The bottom line on this theory it that is logical and likely that a portion of the huge JPM long position demonstrated by the banker participation report could represent gold destined for China on behalf of these agents. As Ferguson asserts and I concur: By extension, China is a party to the bullion bankster net long position. But for the Chinese, this is not just a paper long. It’s a mechanism to take physical gold.
Meanwhile, gold is finally being settled out of the puny deliverable or registered stash on the Comex, which dropped to 490,000 ounces today. Here, JPM holds only 87,071 ounces.
There has been some speculation as to who keeps indiscriminately selling gold in the paper market. Central banks are mentioned a lot. However, at these prices, I don’t think it serves the interests of the U.S. to create conditions whereby China grabs thousands of tonnes of cheap gold in lieu of U.S. Treasuries. Nor is it in U.S. interest to encourage China to make an announcement that the PBoC holds more gold than Fort Knox. It is a little thing called prestige and waving a big stick.
That’s why I keep coming back to a rogue or a whale or series of whales within the fund or speculative community. These function as foils and allow the bullion banksters and Chinese to get cheap gold. During the housing bubble, Bear Stearns, Lehman Brothers and AIG were the aggressive players at the margin that allowed the extreme risk and froth in that market. Something similar is going on in the short gold trade. New commitment of trader data released Friday by the CFTC will show the extent through last Tuesday (before the FOMC announcement).
Incidentally, I think these short attacks as occurring in the middle of the night. More accurately, a slinger shows up in the access market after London opens or in the Globex session. Since I am up and awake in Europe during that period, I can see the plunges and the rapid quick-hit volume on the Globex during the speculative attacks. Afterward, when the Comex opens, volume tends to shrivel. Late in the session yesterday, the Comex exhibited signs that some remaining spec longs were being margin liquidated. Those are 2,000- to 3,000-contract sell offs, that are then reversed and have a completely different hallmark from a spec short attack.

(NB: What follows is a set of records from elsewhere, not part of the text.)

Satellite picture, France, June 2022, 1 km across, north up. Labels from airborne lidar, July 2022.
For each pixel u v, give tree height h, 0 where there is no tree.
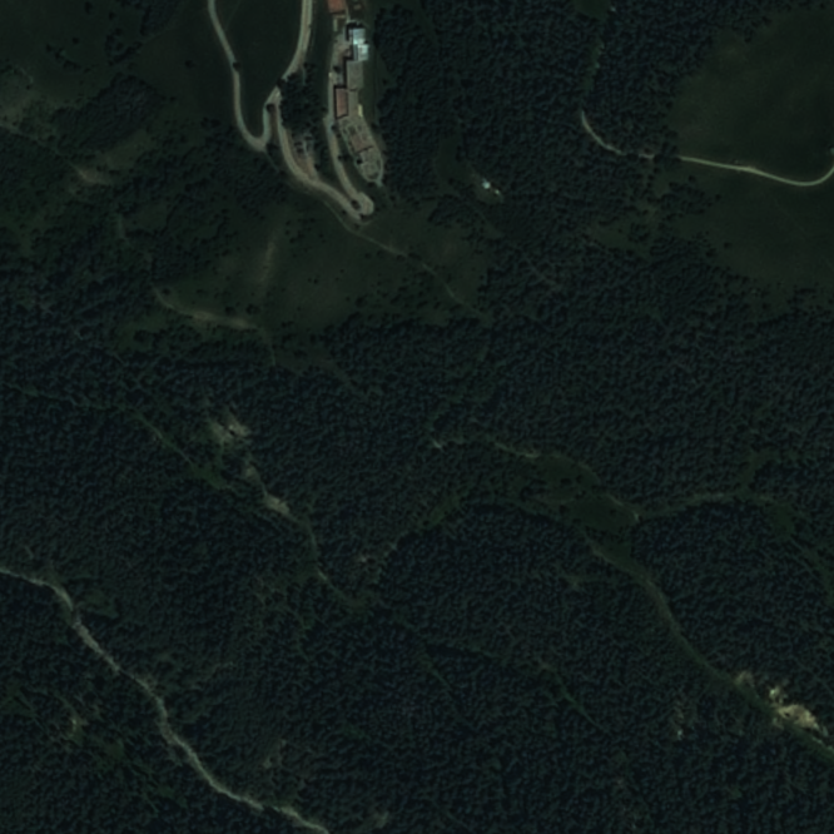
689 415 21
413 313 8
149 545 29
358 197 0
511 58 28
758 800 31
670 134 13
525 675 10
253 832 14
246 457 7
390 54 22
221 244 8
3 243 13
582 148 23
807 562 6
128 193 14
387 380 10
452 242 0
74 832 24
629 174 17
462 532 8
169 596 29
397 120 18
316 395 26
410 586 13
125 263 18
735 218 0
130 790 17
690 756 29
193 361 13
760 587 21
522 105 27
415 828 22
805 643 23
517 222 9
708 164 0
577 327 21
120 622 12
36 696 31
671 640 7
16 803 19
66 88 0
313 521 23
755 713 12
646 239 12
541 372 17
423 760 15
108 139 16
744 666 21
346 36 0
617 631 9
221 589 26
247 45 0
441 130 11
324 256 0
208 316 0
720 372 37
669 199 15
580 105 12
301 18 0
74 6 0
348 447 15
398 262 9
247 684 14
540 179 22
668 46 17
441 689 35
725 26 23
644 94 20
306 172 0
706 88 0
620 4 18
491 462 9
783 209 0
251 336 15
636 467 19
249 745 32
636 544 14
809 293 13
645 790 33
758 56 0
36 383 19
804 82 0
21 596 37
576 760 30
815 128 0
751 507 7
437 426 12
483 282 9
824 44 0
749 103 0
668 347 22
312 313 0
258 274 0
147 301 18
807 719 0
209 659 17
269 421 23
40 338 25
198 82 0
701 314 14
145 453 30
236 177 13
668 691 21
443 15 23
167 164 11
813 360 19
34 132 11
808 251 0
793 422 24
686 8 19
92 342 36
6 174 18
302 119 14
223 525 16
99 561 24
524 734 24
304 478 15
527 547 22
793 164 0
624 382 18
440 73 14
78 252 19
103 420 13
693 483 21
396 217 0
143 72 0
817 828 24
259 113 0
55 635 36
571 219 14
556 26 24
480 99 17
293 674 28
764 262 0
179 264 16
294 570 23
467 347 19
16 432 33
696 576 24
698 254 12
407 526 22
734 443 6
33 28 0

Thursday in the comments section on my site, I remarked that GLD showed signs of a high-volume final capitulation. Volume was 90% higher than average. I said that we could see a large extraction. But only 125,400 ounces came out of GLD SPDR. There could still be a delayed release from GLD today, but that seems like chump change for such intense post Mini Me taper market action. More and more, the forensics point to extremely offside slingers driving this action through off-the-deep-end short sales, much more so than western gold liquidations, margin calls and central banks.
Meanwhile on the Shanghai Exchange, it was a very busy night as a stunning 21,392 kg (754,585 oz) was physically delivered. Gold procurement in China appears to be a well oiled machine at this point and gold extraction out of GLD looks exhausted. For its part, the Chinese must be sending the slinger speculators a last minute Christmas card as we speak.
During the session, Pretium released its reserves and resources numbers for Valley of the Kings. This does not include the other previous zones in PVG’s district. It uses a very conservative 5-gram cutoff. Notice that the inferred — which I think is the more recent step-out holes that hit new veins — is 25.6 grams. And here is what’s especially bullish about this report: They only used 0.06 tonnes from the Cleopatra vein, which will be evaluated separately. This is very conservative, making it all the harder to believe they were subjected to such caca a few month ago.
At 5.44, the enterprise value after cash of Pretium is $527 million. This values the high grade and still open VoK at only $39 an ounce, and doesn’t attach any value to the other zones.